↓

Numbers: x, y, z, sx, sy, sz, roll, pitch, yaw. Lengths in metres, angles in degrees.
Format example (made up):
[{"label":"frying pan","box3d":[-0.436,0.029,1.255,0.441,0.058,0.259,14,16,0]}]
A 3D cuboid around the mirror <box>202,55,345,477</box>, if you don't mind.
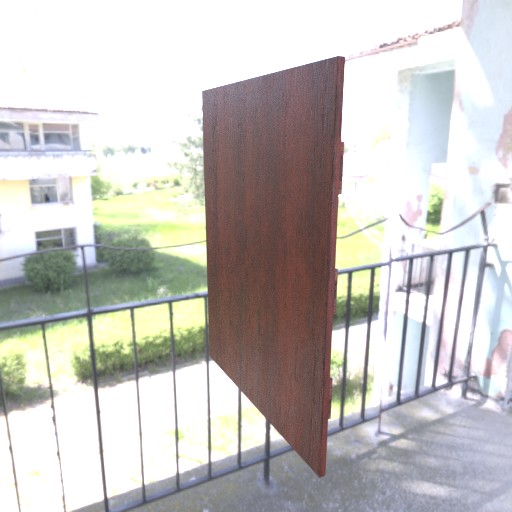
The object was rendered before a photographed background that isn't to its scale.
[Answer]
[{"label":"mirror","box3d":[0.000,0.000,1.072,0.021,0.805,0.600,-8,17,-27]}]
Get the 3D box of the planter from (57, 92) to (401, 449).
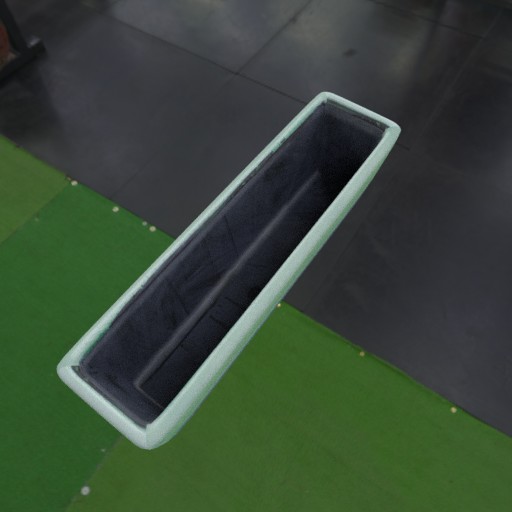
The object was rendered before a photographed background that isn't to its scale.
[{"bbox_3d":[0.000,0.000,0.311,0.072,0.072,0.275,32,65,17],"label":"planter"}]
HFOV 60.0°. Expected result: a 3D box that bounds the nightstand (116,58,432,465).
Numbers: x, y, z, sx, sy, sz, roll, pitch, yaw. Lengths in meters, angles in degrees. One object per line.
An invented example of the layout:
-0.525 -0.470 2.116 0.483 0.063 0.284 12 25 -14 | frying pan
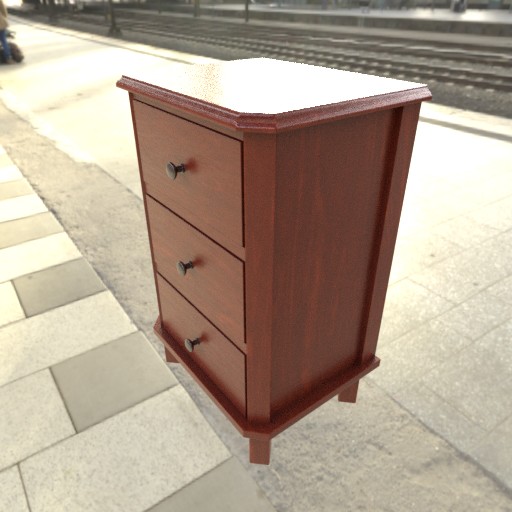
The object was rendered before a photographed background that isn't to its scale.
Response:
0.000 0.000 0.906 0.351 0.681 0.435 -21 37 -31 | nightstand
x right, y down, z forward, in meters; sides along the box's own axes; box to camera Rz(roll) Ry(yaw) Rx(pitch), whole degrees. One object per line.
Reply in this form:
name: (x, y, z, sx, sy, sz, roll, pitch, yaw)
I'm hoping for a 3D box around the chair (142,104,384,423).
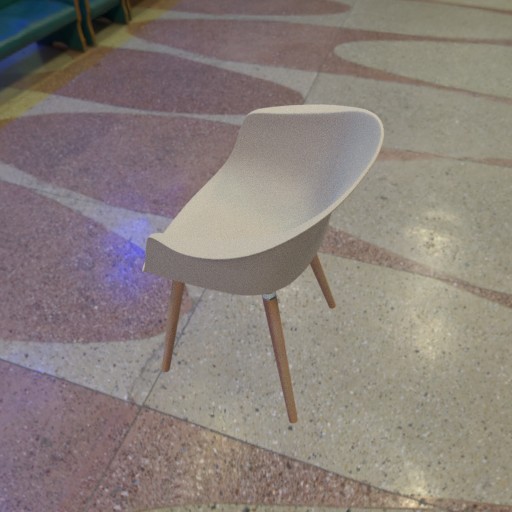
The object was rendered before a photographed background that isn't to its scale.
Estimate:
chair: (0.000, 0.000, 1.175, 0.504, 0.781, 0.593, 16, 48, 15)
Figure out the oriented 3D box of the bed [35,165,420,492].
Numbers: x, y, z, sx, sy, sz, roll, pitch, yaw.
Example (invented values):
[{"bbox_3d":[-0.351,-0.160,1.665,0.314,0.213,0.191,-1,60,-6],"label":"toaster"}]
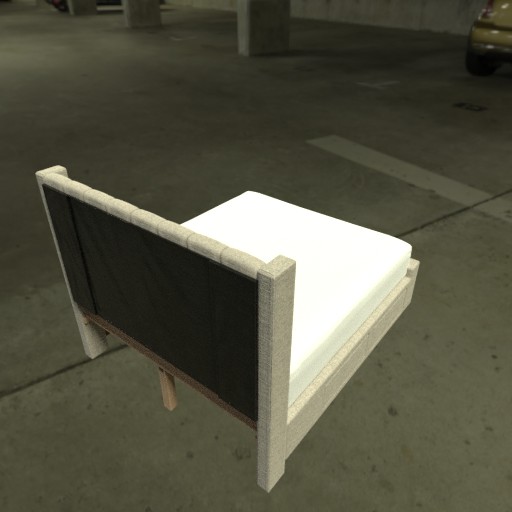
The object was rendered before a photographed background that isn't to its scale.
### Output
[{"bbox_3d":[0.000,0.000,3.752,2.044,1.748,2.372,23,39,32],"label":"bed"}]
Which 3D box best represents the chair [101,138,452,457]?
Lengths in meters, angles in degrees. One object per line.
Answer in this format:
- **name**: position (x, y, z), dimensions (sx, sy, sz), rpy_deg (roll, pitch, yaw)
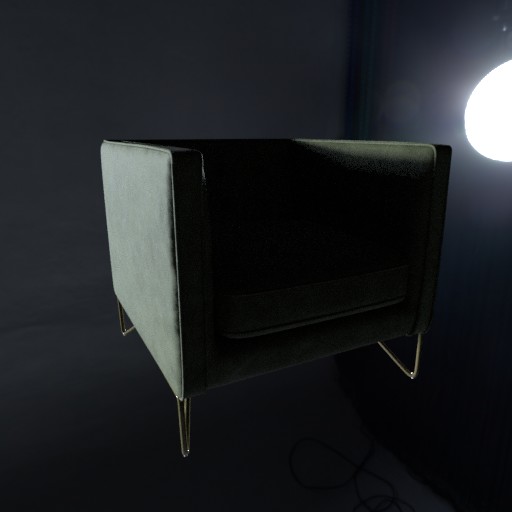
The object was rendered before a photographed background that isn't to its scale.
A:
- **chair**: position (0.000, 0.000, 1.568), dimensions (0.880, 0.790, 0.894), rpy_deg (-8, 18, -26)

↑
↓

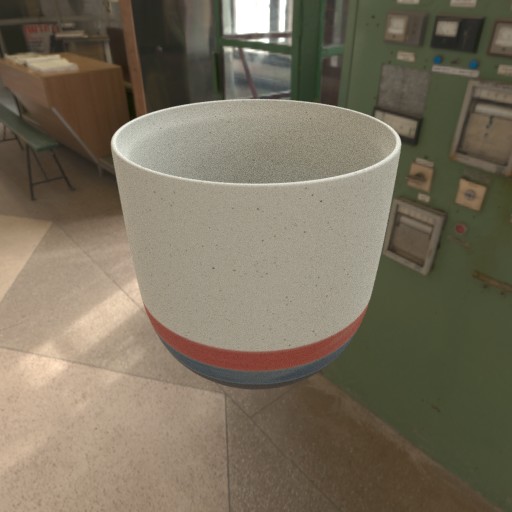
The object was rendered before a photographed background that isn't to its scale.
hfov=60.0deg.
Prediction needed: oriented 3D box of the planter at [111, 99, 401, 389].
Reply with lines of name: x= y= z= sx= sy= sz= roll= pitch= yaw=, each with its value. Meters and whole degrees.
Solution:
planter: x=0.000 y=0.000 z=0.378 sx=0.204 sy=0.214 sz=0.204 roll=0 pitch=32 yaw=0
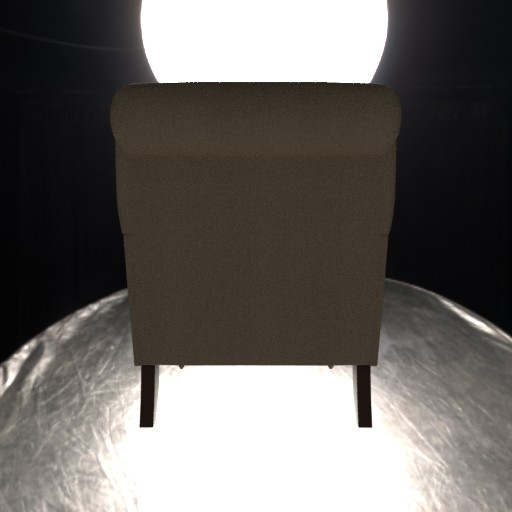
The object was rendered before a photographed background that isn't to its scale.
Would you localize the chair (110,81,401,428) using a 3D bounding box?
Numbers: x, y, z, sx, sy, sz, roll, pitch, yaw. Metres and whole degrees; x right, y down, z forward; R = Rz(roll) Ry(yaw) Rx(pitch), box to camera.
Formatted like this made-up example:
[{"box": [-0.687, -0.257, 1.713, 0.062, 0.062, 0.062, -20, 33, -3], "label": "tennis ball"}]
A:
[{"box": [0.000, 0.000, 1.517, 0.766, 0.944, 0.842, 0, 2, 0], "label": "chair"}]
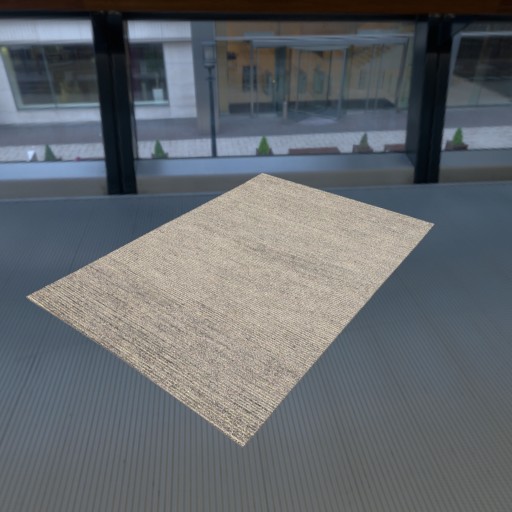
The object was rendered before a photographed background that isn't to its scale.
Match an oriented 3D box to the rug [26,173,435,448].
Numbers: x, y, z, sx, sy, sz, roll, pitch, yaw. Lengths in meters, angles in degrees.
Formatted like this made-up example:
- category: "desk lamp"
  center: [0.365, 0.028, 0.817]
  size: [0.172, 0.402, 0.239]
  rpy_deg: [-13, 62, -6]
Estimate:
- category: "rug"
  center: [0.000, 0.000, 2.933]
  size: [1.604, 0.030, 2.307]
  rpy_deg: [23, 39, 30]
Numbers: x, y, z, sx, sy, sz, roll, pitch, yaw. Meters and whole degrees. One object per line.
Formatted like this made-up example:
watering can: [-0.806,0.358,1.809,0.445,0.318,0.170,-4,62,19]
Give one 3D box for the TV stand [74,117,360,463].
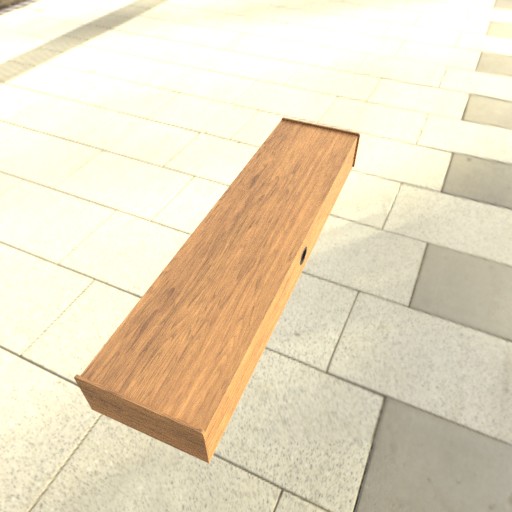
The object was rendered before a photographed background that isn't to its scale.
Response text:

↑

EXERCISE BRIEF.
Some lines in the material contain "name". Show all of them.

RESULT OF THE TASK.
name: (x, y, z, sx, sy, sz, roll, pitch, yaw)
- **name**: position (x, y, z), dimensions (sx, sy, sz), rpy_deg (roll, pitch, yaw)
Reply with lines of name: x= y= z= sx= sy= sz= roll= pitch= yaw=, each with its value. Meters and whole degrees.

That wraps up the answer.